OTHER OPINION: How not to settle Birmingham’s budget

By The Birmingham News

Birmingham Mayor William Bell and the City Council have been here before: A new fiscal year starting without an approved operating budget.
One might think they would learn from the past. One would think wrong.
After the council changed Bell’s submitted $380.98 million budget, shifting millions of dollars from the mayor’s weed abatement program and removing $250,000 requested for the city’s 1963 celebration, Bell refused to place the budget on Tuesday’s council agenda.
As reported by AL.com’s and The Birmingham News’ Joseph D. Bryant, in place of Bell’s proposed spending, the council added more than $1.56 million for the council office and discretionary money in proposals from council members Johnathan Austin and Valerie Abbott.
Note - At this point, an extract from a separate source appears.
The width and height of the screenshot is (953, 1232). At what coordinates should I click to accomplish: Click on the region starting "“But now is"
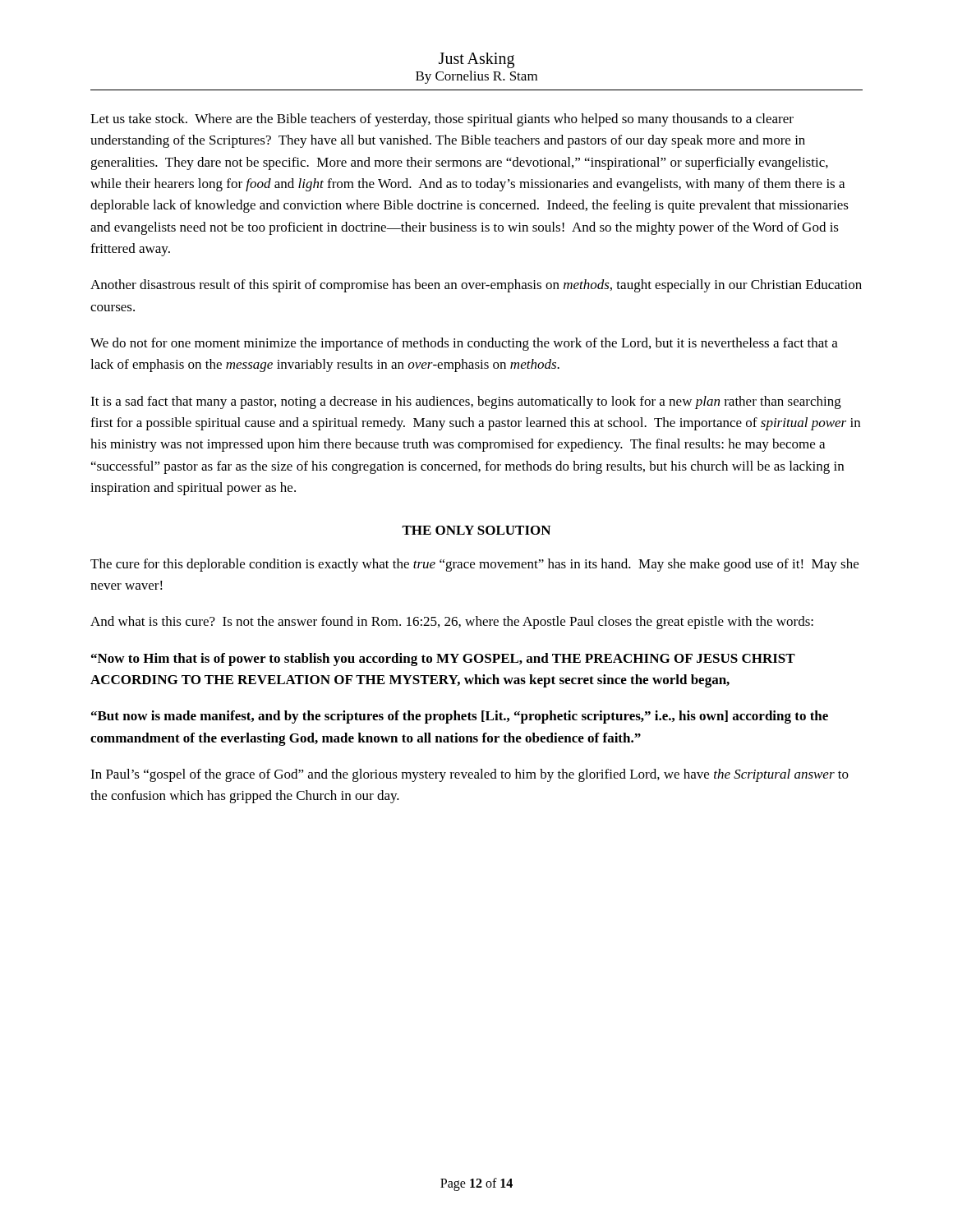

The mayor and council have historically had disagreements over the annual budget ranging from a lack of communication to differing spending priorities. Bell wanted to meet with Council President Roderick Royal about the budget on Tuesday, but Royal refused because Tuesday’s are council meeting days.
If the arguments look and sound petty, that’s because they are.
If Bell and a majority of the council can’t come to a compromise, Bell needs to schedule the budget for a vote. If he doesn’t like what the council passes, he has the option of vetoing the spending plan. The council can then override that veto, if it so desires.
But the city does not have the option of running without an operating budget.
Bell and council members were elected to conduct the city’s business. That’s what they should be doing. Not holding up progress over what is a relatively small amount of money in a $380 million budget.